» Activity: Retype every line from the start of the data down to and including the line with "text De reden(en) waarom". Skip the pictures.

━━━━━━

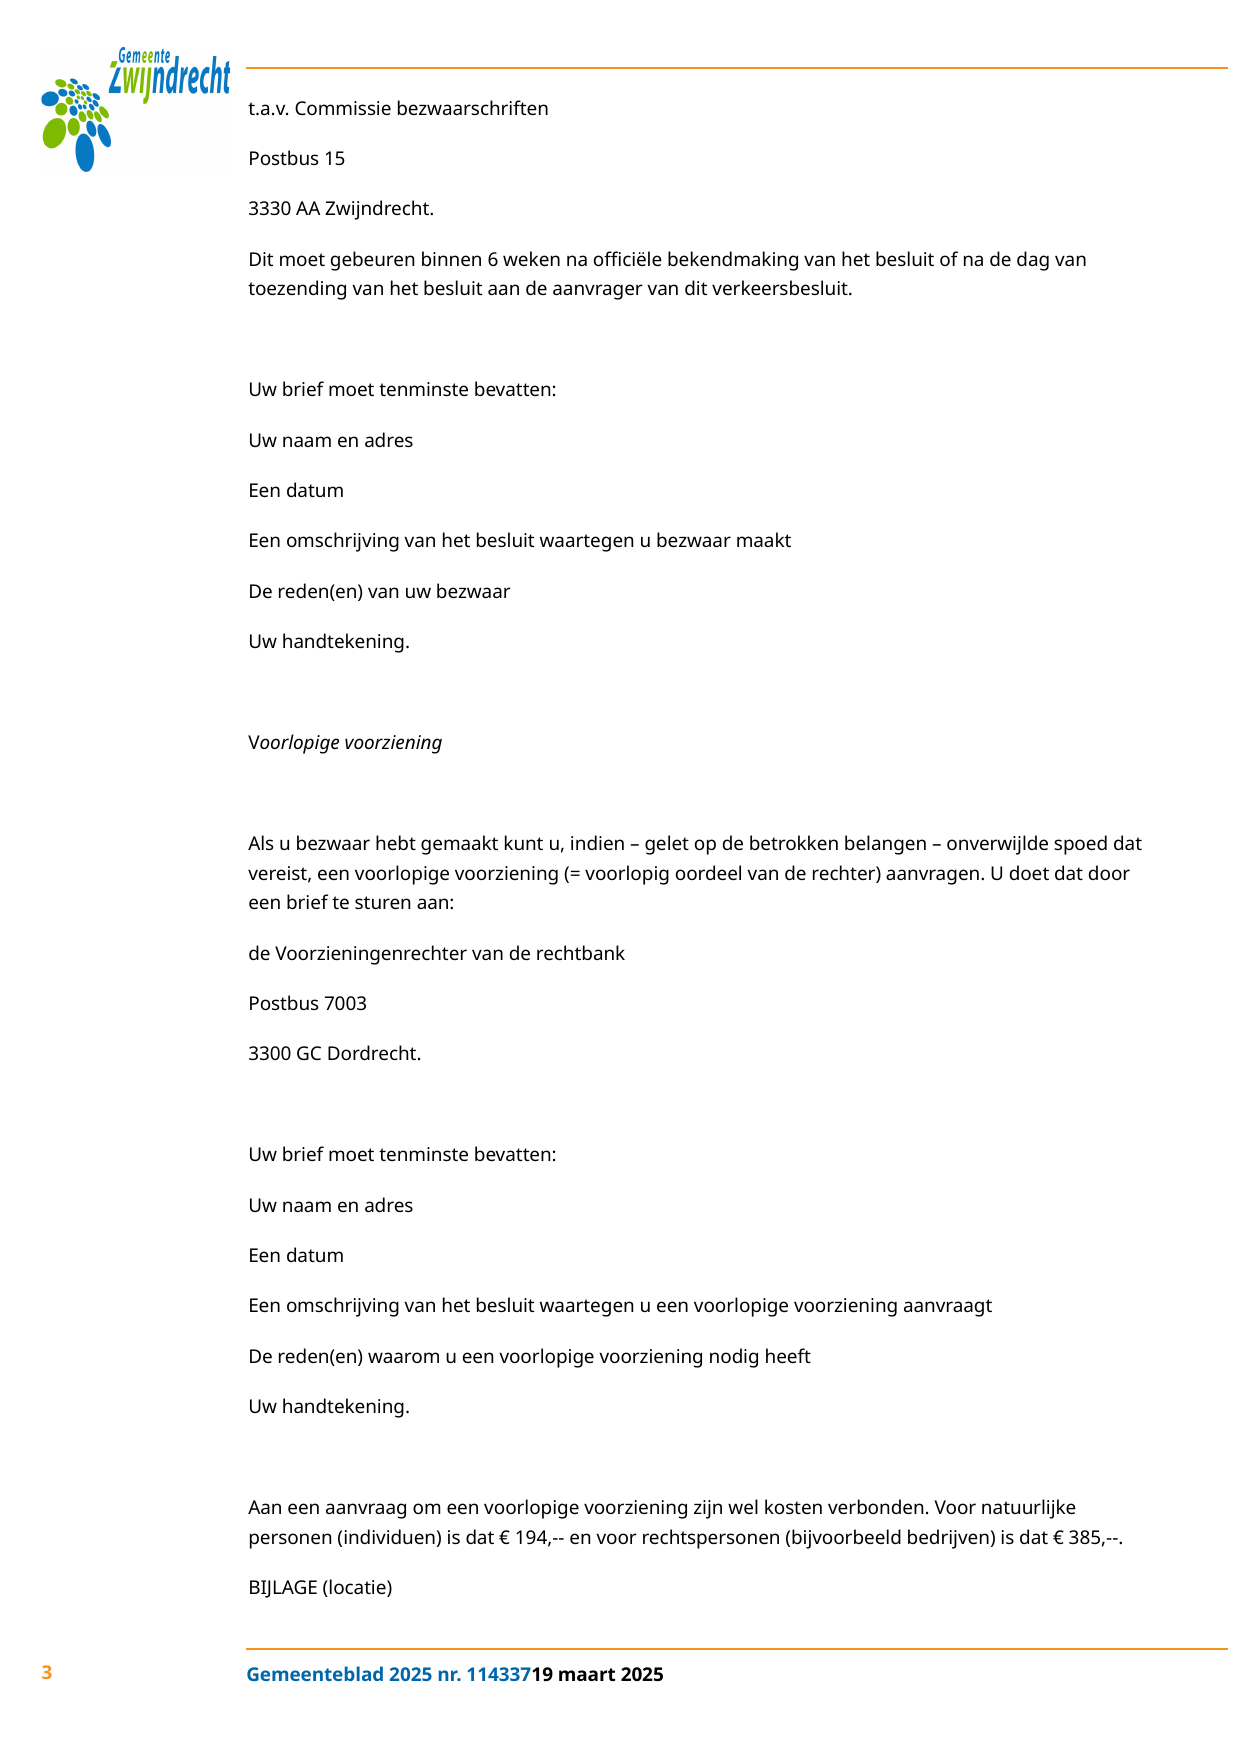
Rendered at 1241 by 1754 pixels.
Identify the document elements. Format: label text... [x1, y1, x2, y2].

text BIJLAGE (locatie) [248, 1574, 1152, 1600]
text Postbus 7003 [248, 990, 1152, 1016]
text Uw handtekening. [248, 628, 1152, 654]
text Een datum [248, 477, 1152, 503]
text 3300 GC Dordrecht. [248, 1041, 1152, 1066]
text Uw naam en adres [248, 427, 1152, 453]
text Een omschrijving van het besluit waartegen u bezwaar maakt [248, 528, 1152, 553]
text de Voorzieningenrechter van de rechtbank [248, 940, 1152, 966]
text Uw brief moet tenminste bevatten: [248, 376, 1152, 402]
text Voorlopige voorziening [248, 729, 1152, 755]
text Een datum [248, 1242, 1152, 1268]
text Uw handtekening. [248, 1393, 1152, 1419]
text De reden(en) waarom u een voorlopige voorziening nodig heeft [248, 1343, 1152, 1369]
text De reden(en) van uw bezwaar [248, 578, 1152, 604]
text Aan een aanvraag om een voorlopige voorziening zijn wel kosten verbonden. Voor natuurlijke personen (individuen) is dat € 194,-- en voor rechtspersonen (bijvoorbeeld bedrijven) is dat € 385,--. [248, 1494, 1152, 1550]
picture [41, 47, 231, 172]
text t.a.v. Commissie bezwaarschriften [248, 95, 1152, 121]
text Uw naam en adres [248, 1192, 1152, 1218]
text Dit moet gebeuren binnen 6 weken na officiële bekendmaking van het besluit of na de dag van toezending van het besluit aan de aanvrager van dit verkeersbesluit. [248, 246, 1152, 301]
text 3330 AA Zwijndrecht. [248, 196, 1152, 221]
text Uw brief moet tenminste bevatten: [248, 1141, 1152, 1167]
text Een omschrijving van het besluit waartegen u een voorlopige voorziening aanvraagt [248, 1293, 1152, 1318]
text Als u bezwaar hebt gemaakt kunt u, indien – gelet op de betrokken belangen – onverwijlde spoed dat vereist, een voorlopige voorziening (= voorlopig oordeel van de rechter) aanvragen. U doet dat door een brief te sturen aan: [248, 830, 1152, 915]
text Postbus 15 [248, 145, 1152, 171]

━━━━━━

» Solution for this problem:
Rendered at 1241 by 1754 pixels.
Identify the document elements. Format: label text... [x1, y1, x2, y2].

text BIJLAGE (locatie) [248, 1574, 1152, 1600]
text Postbus 7003 [248, 990, 1152, 1016]
text Uw handtekening. [248, 628, 1152, 654]
text Een datum [248, 477, 1152, 503]
text 3300 GC Dordrecht. [248, 1041, 1152, 1066]
text Uw naam en adres [248, 427, 1152, 453]
text Een omschrijving van het besluit waartegen u bezwaar maakt [248, 528, 1152, 553]
text de Voorzieningenrechter van de rechtbank [248, 940, 1152, 966]
text Uw brief moet tenminste bevatten: [248, 376, 1152, 402]
text Voorlopige voorziening [248, 729, 1152, 755]
text Een datum [248, 1242, 1152, 1268]
text Uw handtekening. [248, 1393, 1152, 1419]
text De reden(en) waarom u een voorlopige voorziening nodig heeft [248, 1343, 1152, 1369]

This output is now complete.